Cardenal,5 de julio.

Significa “sol”. Viene de la lengua griega.

Hay historias de santos que van configurando el espejo luminoso de la Iglesia mediante sus características personales y su forma concreta de lograr la santidad.

Este joven, nacido en 1415 y muerto en Tours en 1484, es sumamente original.

Según su confesor y director espiritual, desde temprana edad soñaba con ser franciscano con la condición de que nunca montaría a caballo.

¿Razón? Porque san Francisco montaba en burro.

Se entregó al estudio sagrado. Y se hizo un maestro experto en Biblia. La enseñaría más tarde en el convento de Mirepoix, y, además, para predicar la Palabra de Dios con dignidad, conocimiento y elocuencia.

Cuenta su confesor que, mientras otros sacerdotes predicaban solamente cuando hacía buen tiempo, él, por el contrario, no le importaba el tiempo que hiciese sino el anuncio de Dios y la evangelización.

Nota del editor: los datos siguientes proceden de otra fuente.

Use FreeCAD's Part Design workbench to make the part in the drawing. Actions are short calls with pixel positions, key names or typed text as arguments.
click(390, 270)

La gente, al oírlo predicar tan bien, se preguntaba que de dónde era.

Su acompañante solía decirles que provenía de una familia noble y, de este modo, les invitaban a comer.

Cuando tenía 21 años, los sacerdotes y canónigos de la región lo eligieron obispo. El no quería. Y sin más, se fue a Roma a presentarle al Papa la renuncia.

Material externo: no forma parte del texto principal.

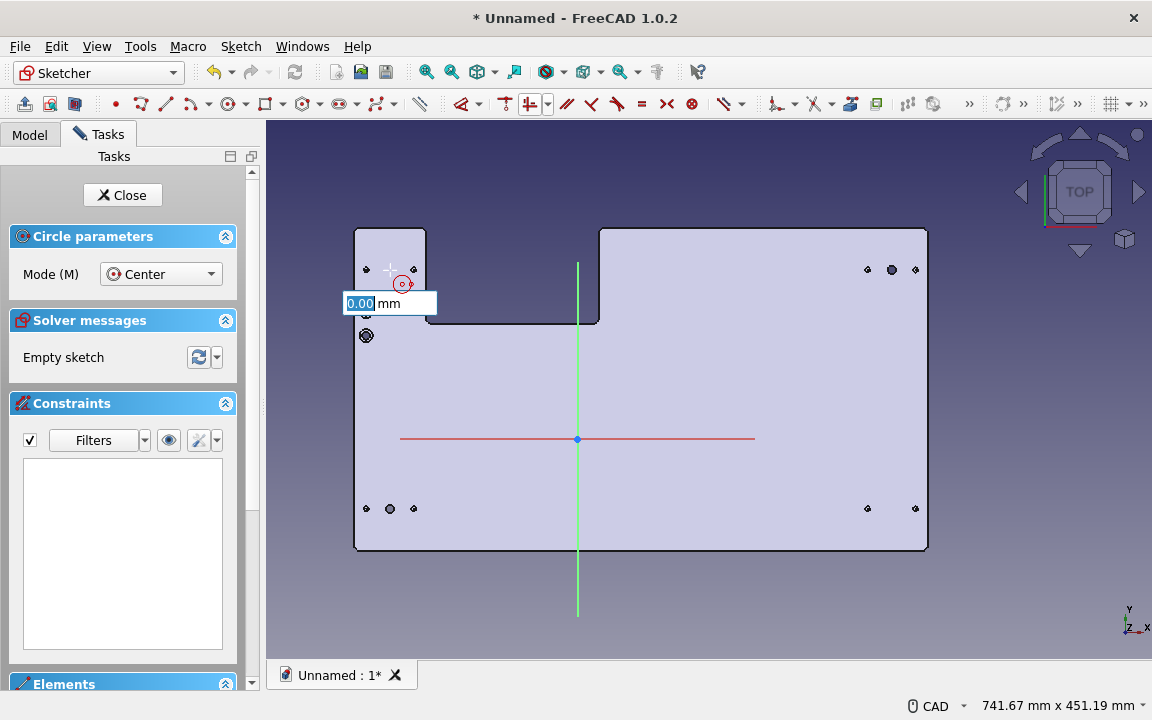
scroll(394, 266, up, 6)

El Papa Eugenio IV, sin embargo, le ordenó que se fuese a su diócesis. Treinta años más tarde, el rey Luis XI lo envió a Tours que entonces la más importante de Francia. Fue su confesor y le nombró cardenal en contra de su voluntad.

Era tan sensible que ni siquiera podía ver morir a un animal en la cacería. Llevó una vida de pobreza austera y de mucha oración."